Unpredictable Powers and Pitfalls
There is an obvious problem with asking these models to explain themselves: They are notorious liars. “We’re increasingly relying on these models to do basic work,” Ganguli said, “but I do not just trust these. I check their work.” As one of many amusing examples, in February Google introduced its AI chatbot, Bard. The blog post announcing the new tool shows Bard making a factual error.
Emergence leads to unpredictability, and unpredictability — which seems to increase with scaling — makes it difficult for researchers to anticipate the consequences of widespread use.
“It’s hard to know in advance how these models will be used or deployed,” Ganguli said. “And to study emergent phenomena, you have to have a case in mind, and you won’t know until you study the influence of scale what capabilities or limitations might arise.”
In an analysis of LLMs released last June, researchers at Anthropic looked at whether the models would show certain types of racial or social biases, not unlike those previously reported in non-LLM-based algorithms used to predict which former criminals are likely to commit another crime. That study was inspired by an apparent paradox tied directly to emergence: As models improve their performance when scaling up, they may also increase the likelihood of unpredictable phenomena, including those that could potentially lead to bias or harm.
“Certain harmful behaviors kind of come up abruptly in some models,” Ganguli said. He points to a recent analysis of LLMs, known as the BBQ benchmark, which showed that social bias emerges with enormous numbers of parameters. “Larger models abruptly become more biased.” Failure to address that risk, he said, could jeopardize the subjects of these models.
But he offers a counterpoint: When the researchers simply told the model not to rely on stereotypes or social biases — literally by typing in those instructions — the model was less biased in its predictions and responses. This suggests that some emergent properties might also be used to reduce bias. In a paper released in February, the Anthropic team reported on a new “moral self-correction” mode, in which the user prompts the program to be helpful, honest and harmless.
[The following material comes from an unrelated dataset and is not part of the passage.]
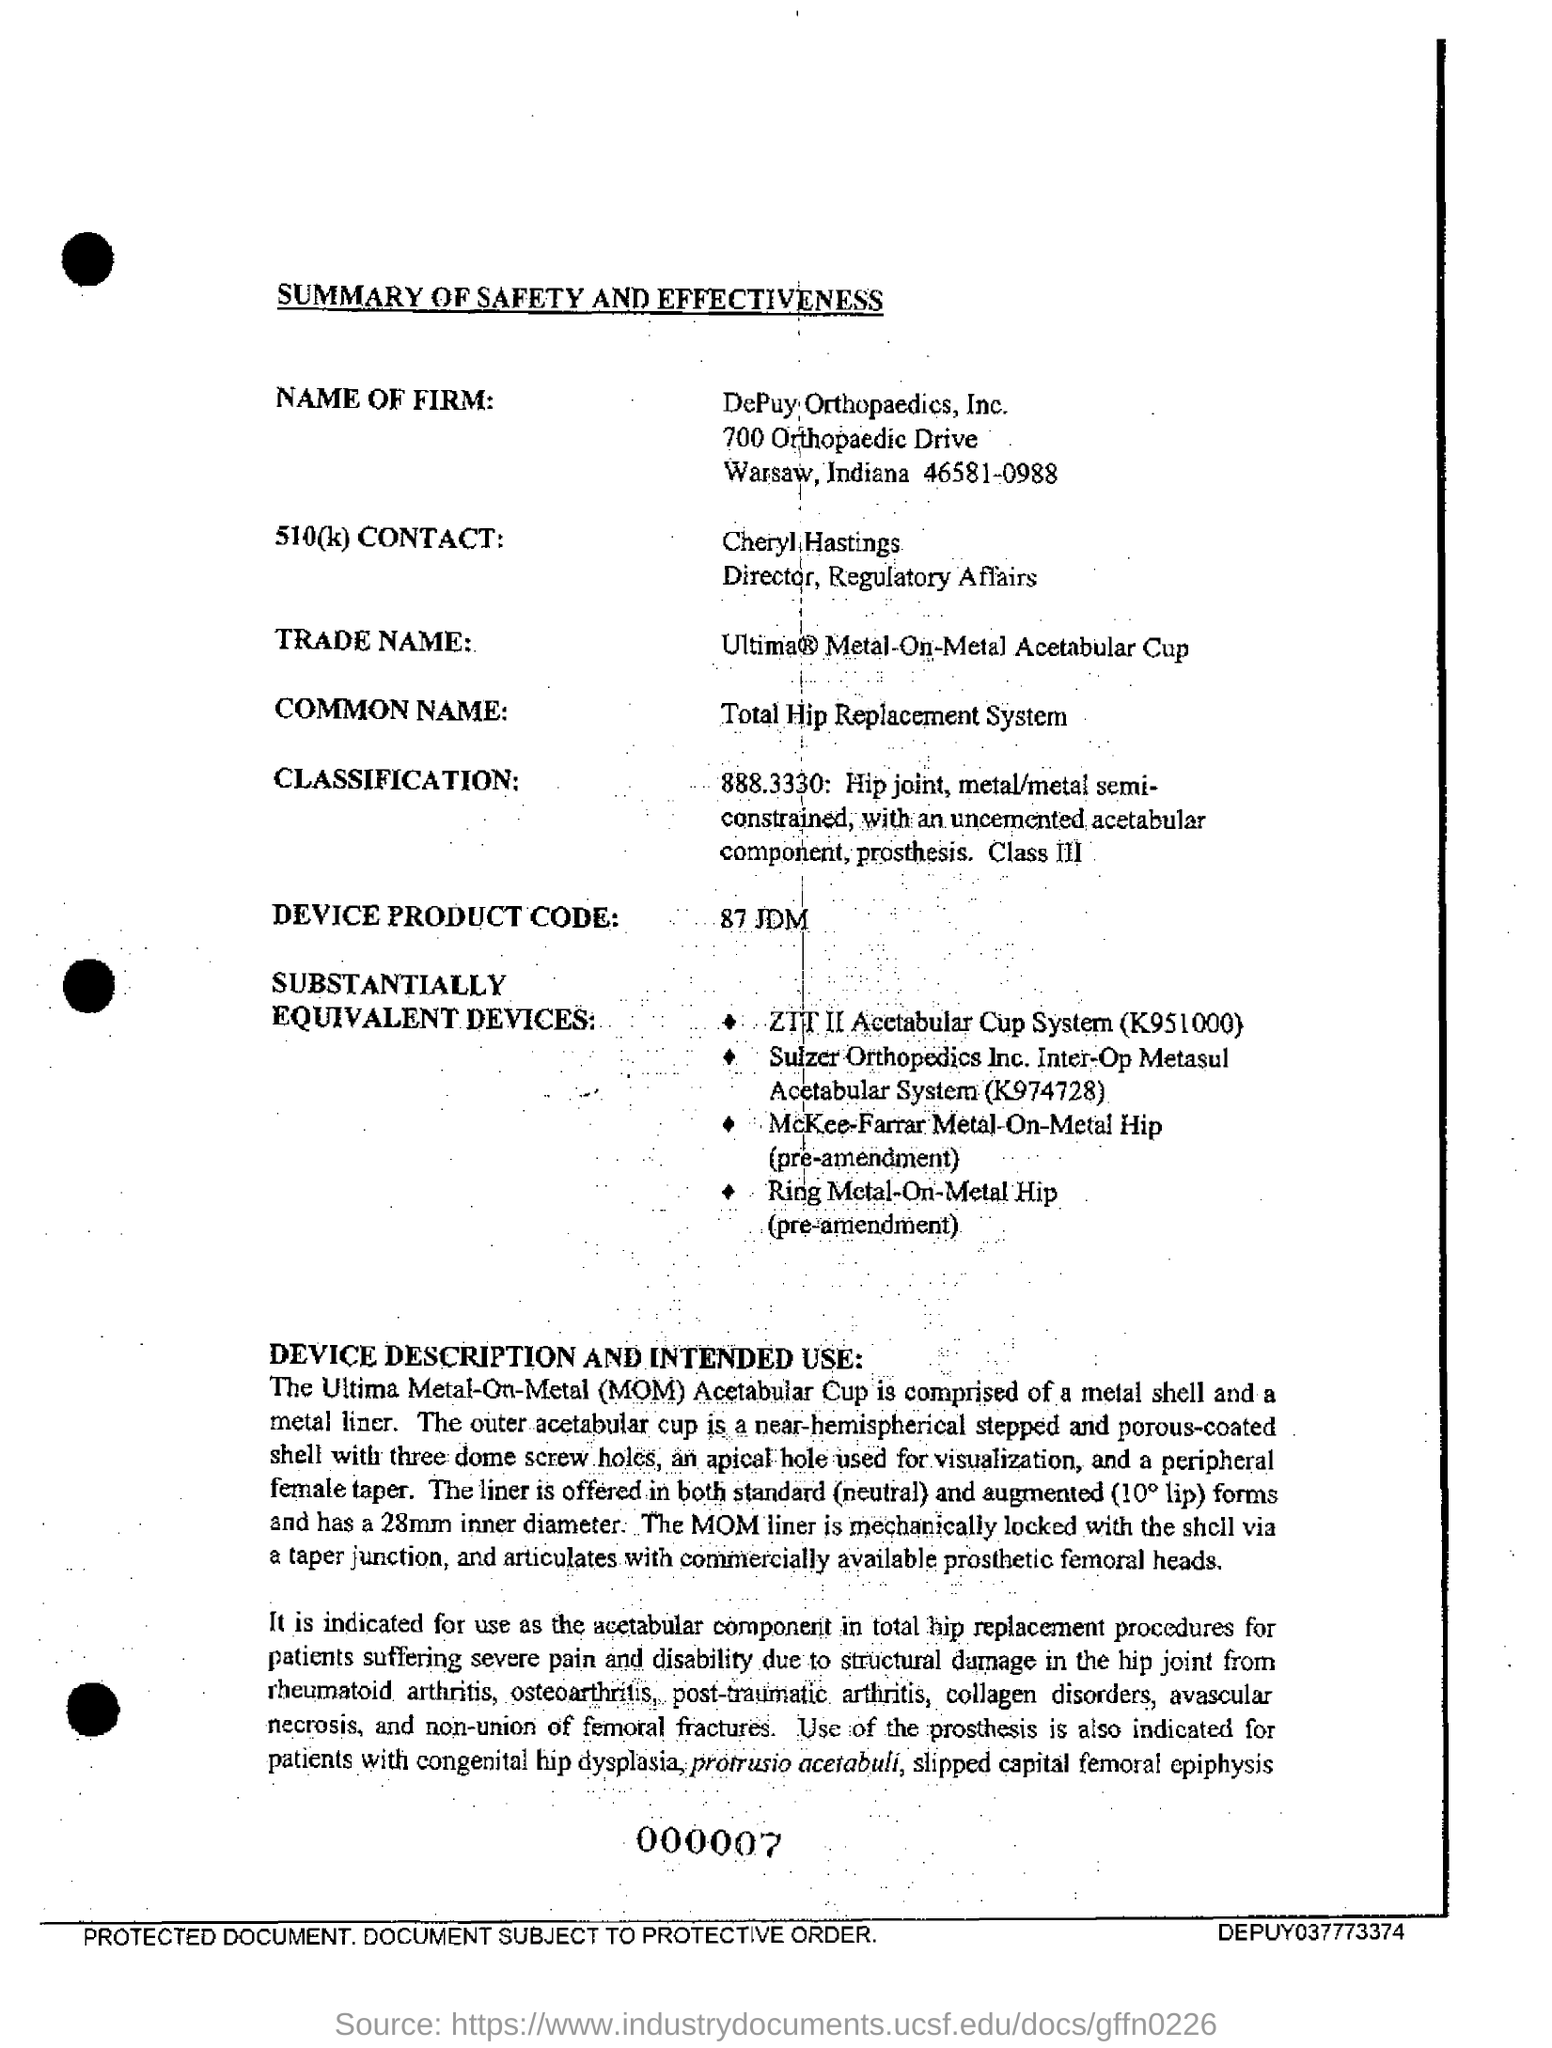Highlight a few significant elements in this photo. The document provides the name of the firm as Depuy Orthopaedics, Inc. The document mentions a common name, which is "Total Hip Replacement System". The full form of MOM is Metal-On-Metal. The title of the document is 'Summary of Safety and Effectiveness'. 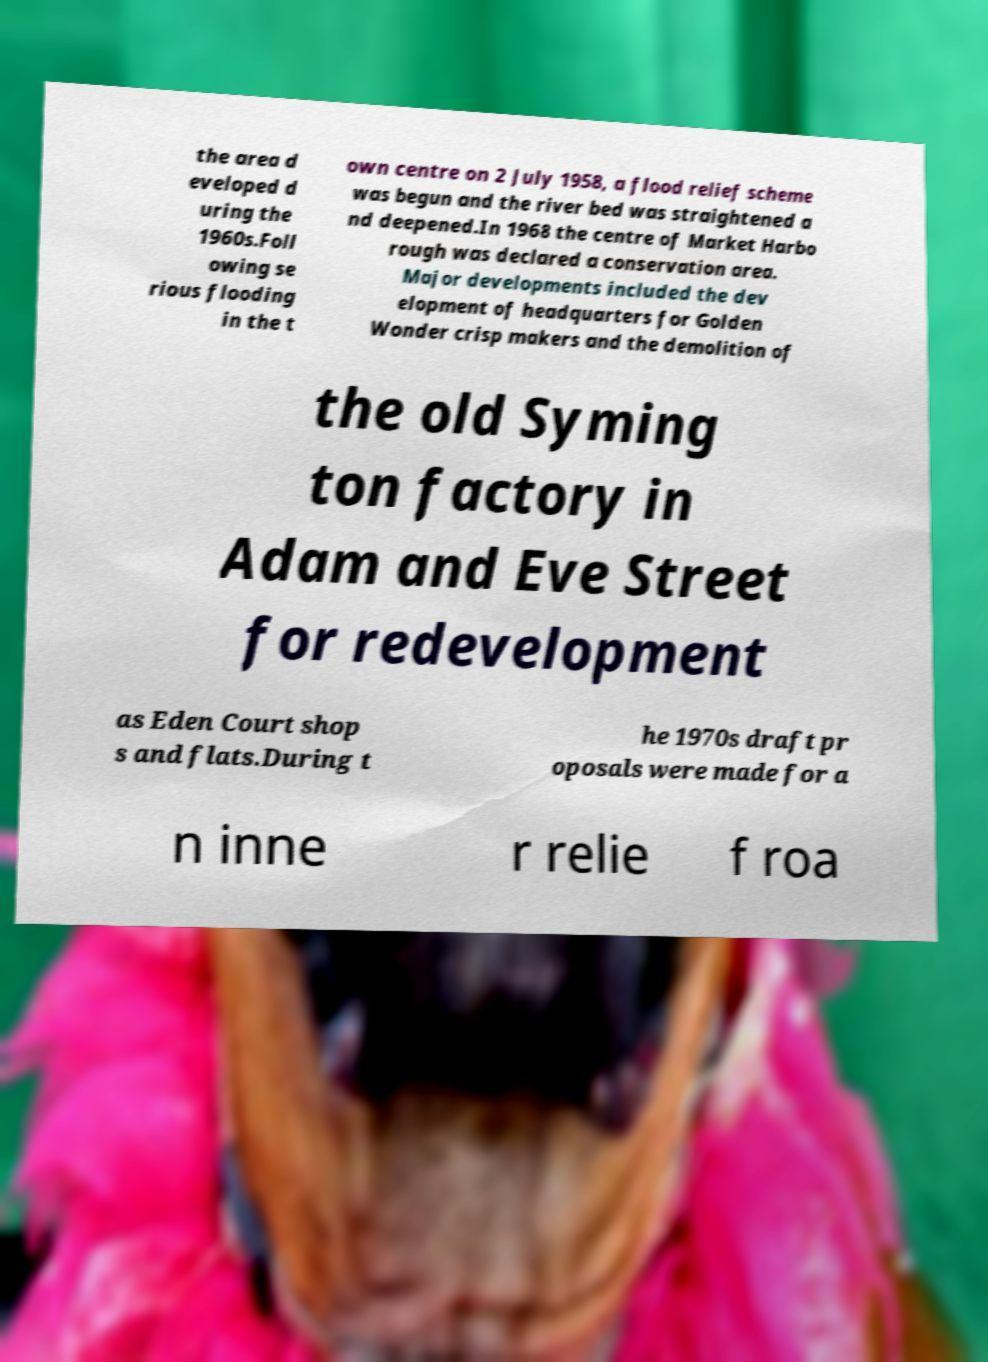I need the written content from this picture converted into text. Can you do that? the area d eveloped d uring the 1960s.Foll owing se rious flooding in the t own centre on 2 July 1958, a flood relief scheme was begun and the river bed was straightened a nd deepened.In 1968 the centre of Market Harbo rough was declared a conservation area. Major developments included the dev elopment of headquarters for Golden Wonder crisp makers and the demolition of the old Syming ton factory in Adam and Eve Street for redevelopment as Eden Court shop s and flats.During t he 1970s draft pr oposals were made for a n inne r relie f roa

Emergence, Ganguli said, reveals both surprising potential and unpredictable risk. Applications of these large LLMs are already proliferating, so a better understanding of that interplay will help harness the diversity of abilities of language models.
“We’re studying how people are actually using these systems,” Ganguli said. But those users are also tinkering, constantly. “We spend a lot of time just chatting with our models,” he said, “and that is actually where you start to get a good intuition about trust — or the lack thereof.”